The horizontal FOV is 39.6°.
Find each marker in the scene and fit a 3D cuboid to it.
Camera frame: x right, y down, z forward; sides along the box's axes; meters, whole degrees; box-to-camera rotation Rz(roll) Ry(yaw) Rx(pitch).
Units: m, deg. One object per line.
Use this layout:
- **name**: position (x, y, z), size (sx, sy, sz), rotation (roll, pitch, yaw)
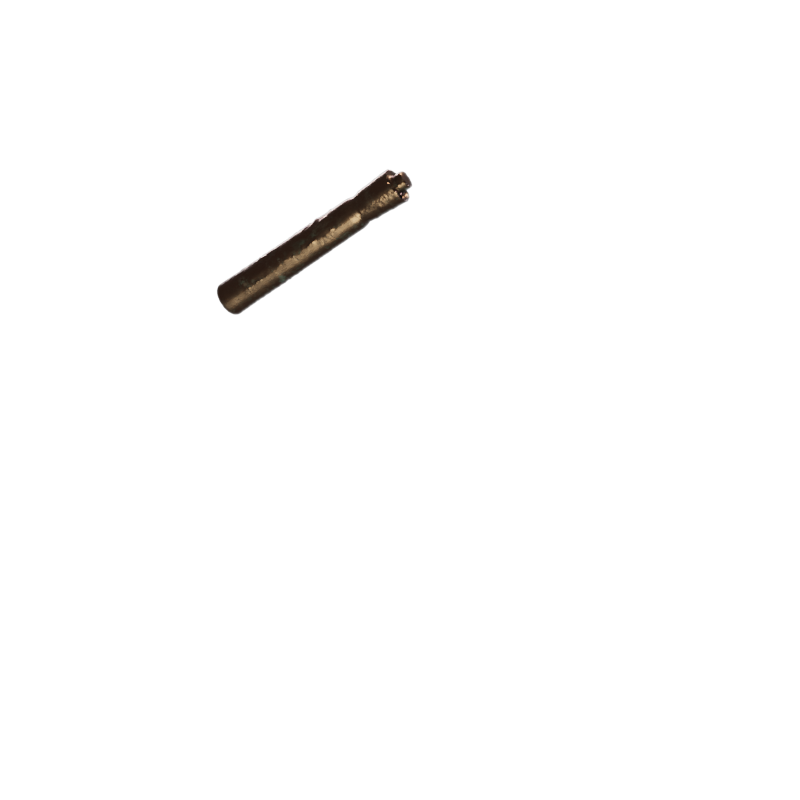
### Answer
- **marker**: position (-0.044, -0.081, 0.565), size (0.120, 0.020, 0.019), rotation (-30, -10, 25)

========

What you are asked to do: Could you copy the lines above exactly and skip the images?

Problem solution:
The horizontal FOV is 39.6°.
Find each marker in the scene and fit a 3D cuboid to it.
Camera frame: x right, y down, z forward; sides along the box's axes; meters, whole degrees; box-to-camera rotation Rz(roll) Ry(yaw) Rx(pitch).
Units: m, deg. One object per line.
Use this layout:
- **name**: position (x, y, z), size (sx, sy, sz), rotation (roll, pitch, yaw)
### Answer
- **marker**: position (-0.044, -0.081, 0.565), size (0.120, 0.020, 0.019), rotation (-30, -10, 25)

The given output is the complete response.